IC 1623 consists of two galaxies in the early to mid stages of merger. The nuclei of the two galaxies lie 20 arcseconds apart. The western component (VV 114W) is bright in ultraviolet and optical light and hosts a large number of optically luminous young star clusters. The eastern component, VV 114E, is invisible at UV wavelengths and has prominent dust lanes that cover much of the diffuse light of the underlying stellar population at optical wavelengths. Beyond 1 μm, VV 114E increasingly becomes the dominant luminosity component of the merger, being the brightest source in mid infrared. The whole galaxy shines bright in infrared and it is characterised as a luminous infrared galaxy, with a total infrared luminosity (L_{IR}) of 5 × 10^{11} L⊙.

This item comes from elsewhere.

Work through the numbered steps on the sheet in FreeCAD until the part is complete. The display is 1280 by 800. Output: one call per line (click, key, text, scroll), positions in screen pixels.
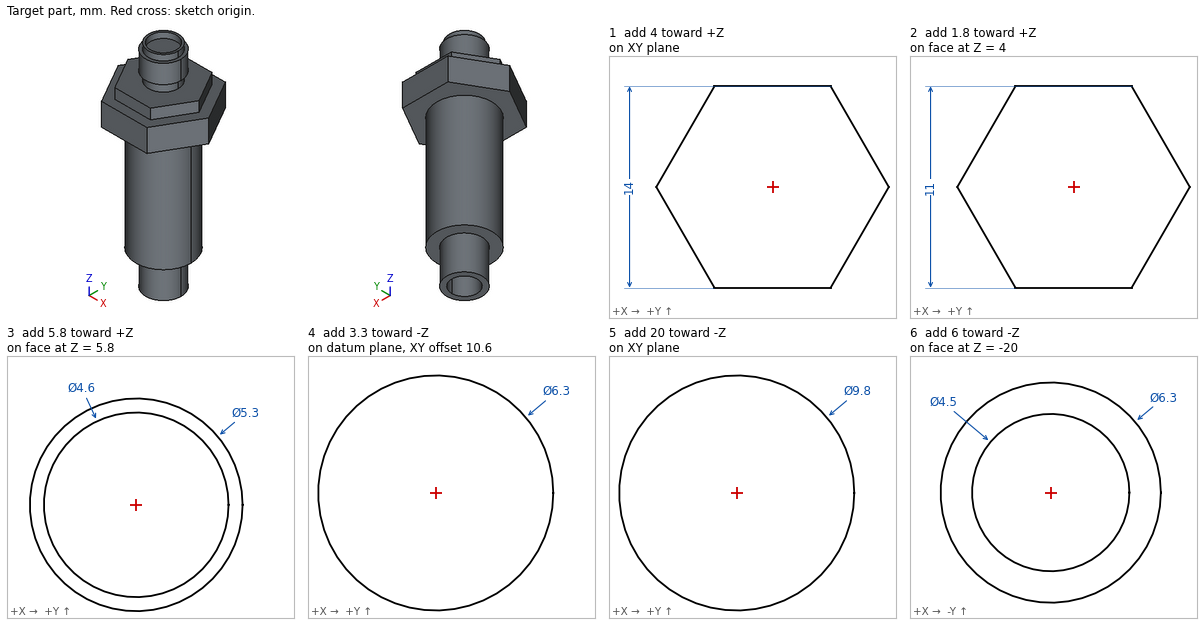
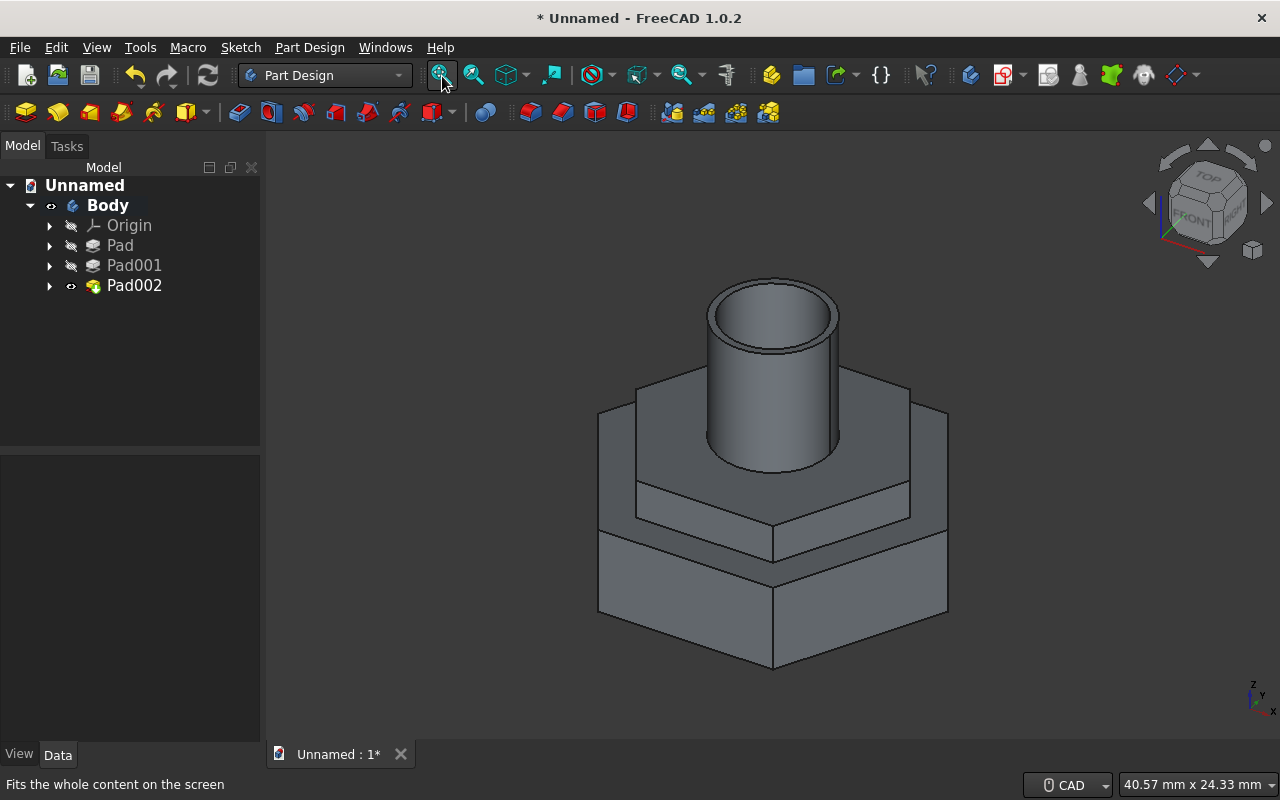
click(50, 226)

The James Webb Space Telescope (JWST) observed the nucleus of the eastern galaxy in mid-infrared, revealing a northeastern and a southwestern core. The mid-infrared colors of these cores indicate that the northeastern core is associated with a starburst, while the southwestern core is linked to an active galactic nucleus (AGN). Spectral line analysis suggests the presence of a rapidly accreting intermediate-mass black hole in the southwestern nucleus, which may evolve into a supermassive black hole. Additionally, JWST identified 40 star-forming regions with a total star formation rate ranging from 0.02 to 6 solar masses per year. There is also significant diffuse emission from filaments, primarily attributed to polycyclic aromatic hydrocarbons heated by the star-forming regions and the underlying stellar population.